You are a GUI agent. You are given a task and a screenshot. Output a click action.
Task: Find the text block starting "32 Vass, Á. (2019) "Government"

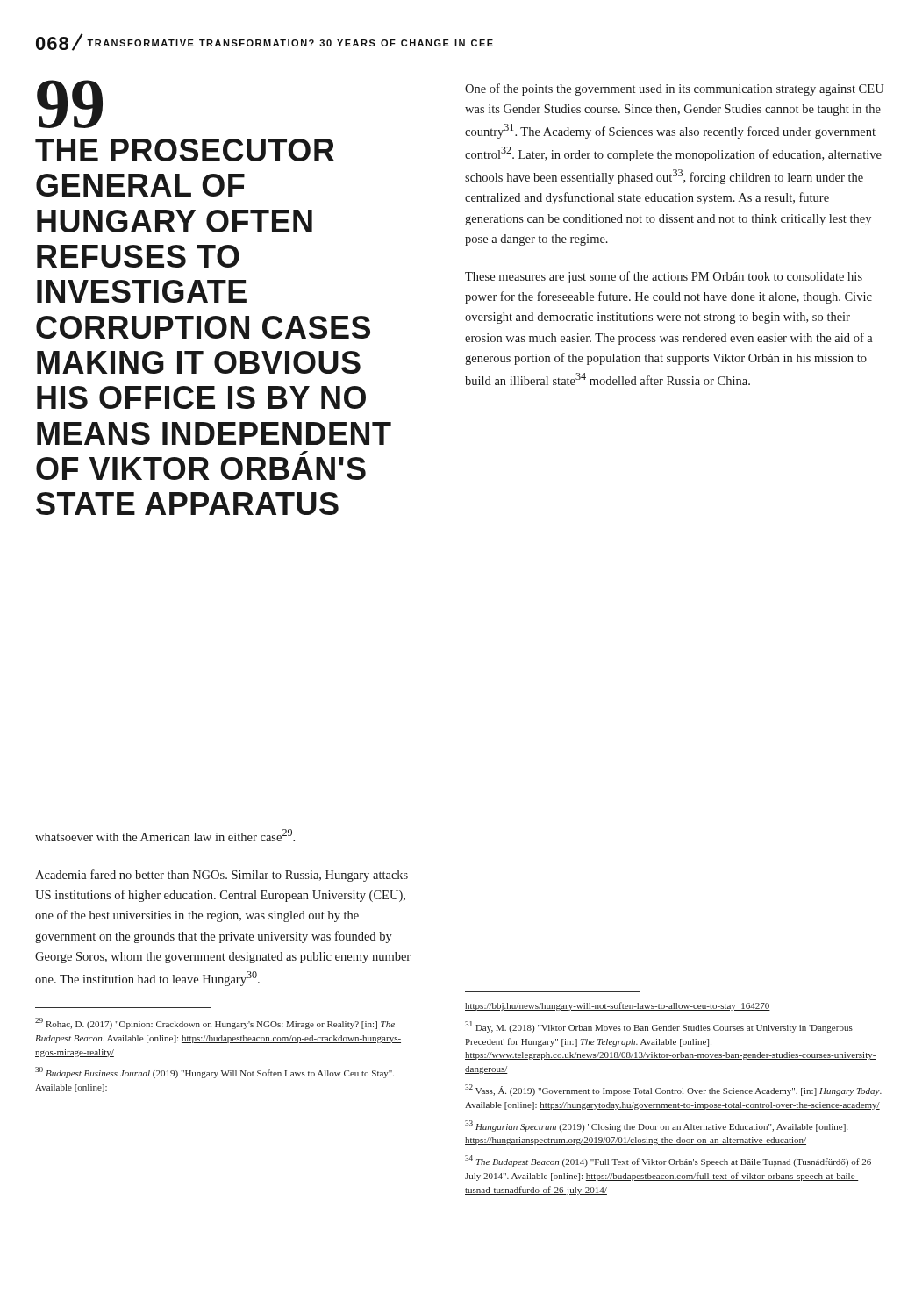pyautogui.click(x=673, y=1096)
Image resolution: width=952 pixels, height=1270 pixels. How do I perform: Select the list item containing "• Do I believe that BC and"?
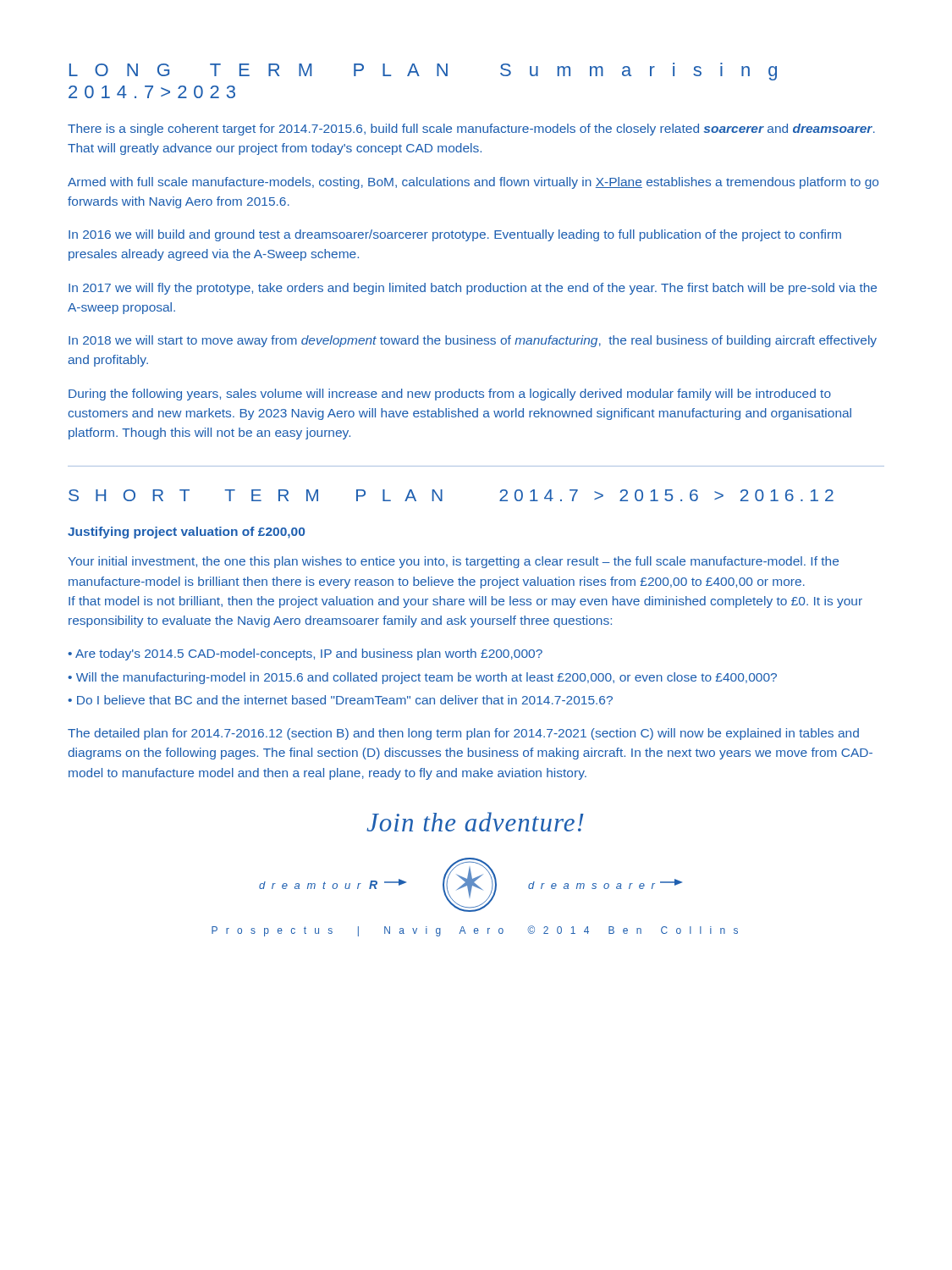click(340, 700)
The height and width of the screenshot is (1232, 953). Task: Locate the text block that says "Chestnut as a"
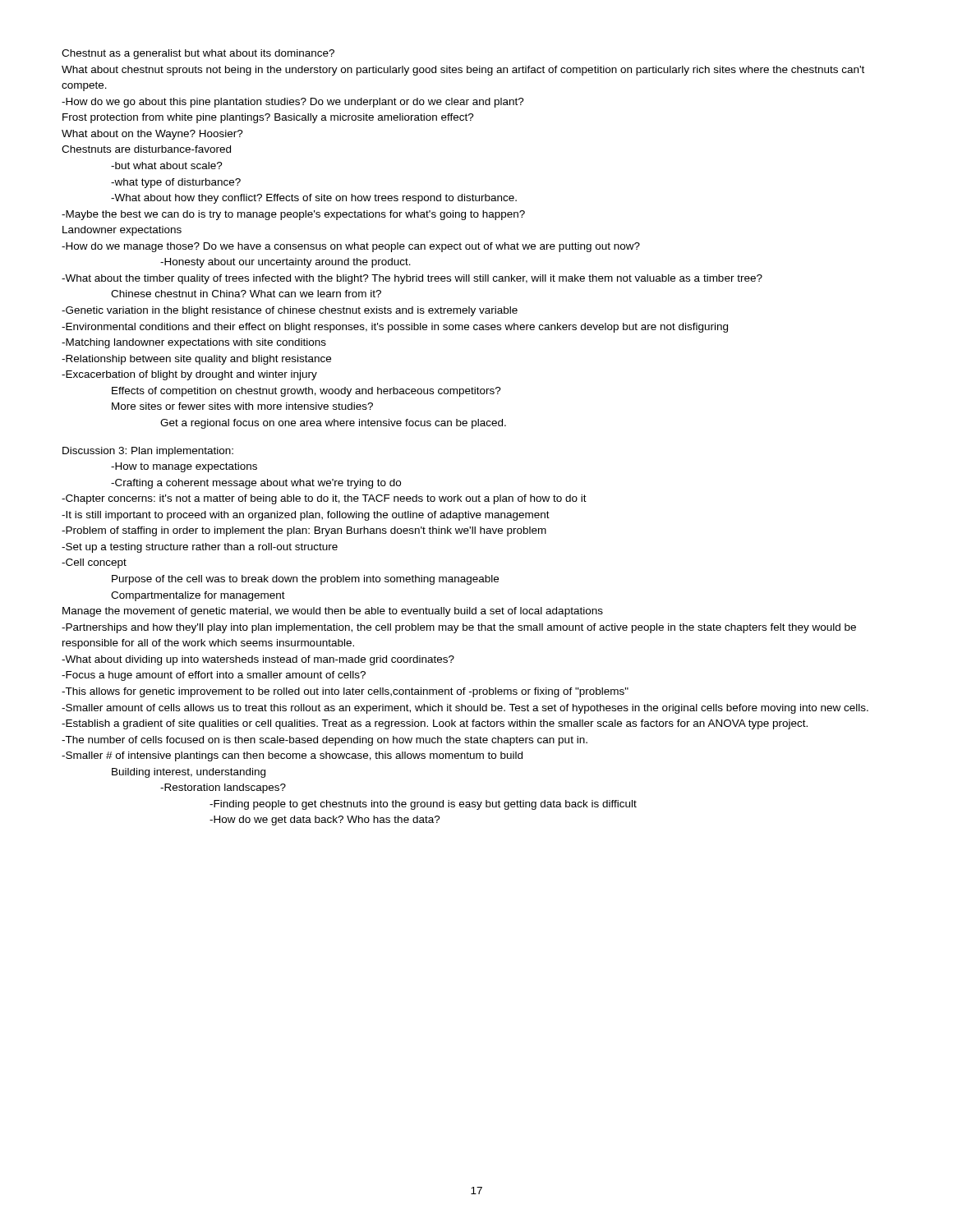472,238
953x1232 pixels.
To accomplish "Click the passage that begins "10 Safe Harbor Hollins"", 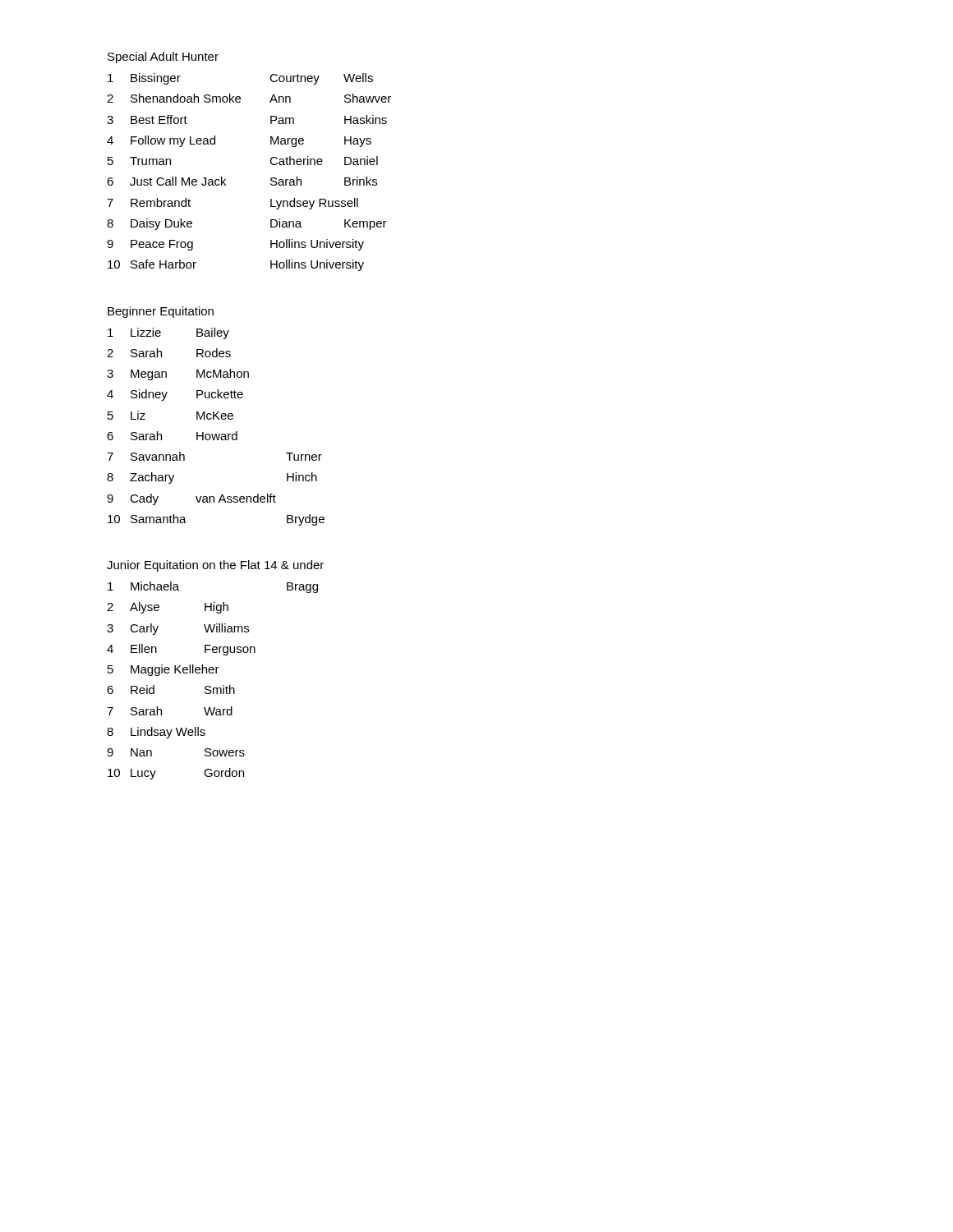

Requirement: Everything in the entries above should be transcribed exactly, apart from the pictures.

Exercise response:
You are a GUI agent. You are given a task and a screenshot. Output a click action.
Task: Find the text block starting "32 Vass, Á. (2019) "Government"

pyautogui.click(x=673, y=1096)
Image resolution: width=952 pixels, height=1270 pixels. How do I perform: Select the list item containing "• Do I believe that BC and"?
click(340, 700)
The height and width of the screenshot is (1232, 953). Task: Locate the text block that says "Chestnut as a"
472,238
953x1232 pixels.
To accomplish "Click the passage that begins "10 Safe Harbor Hollins"", 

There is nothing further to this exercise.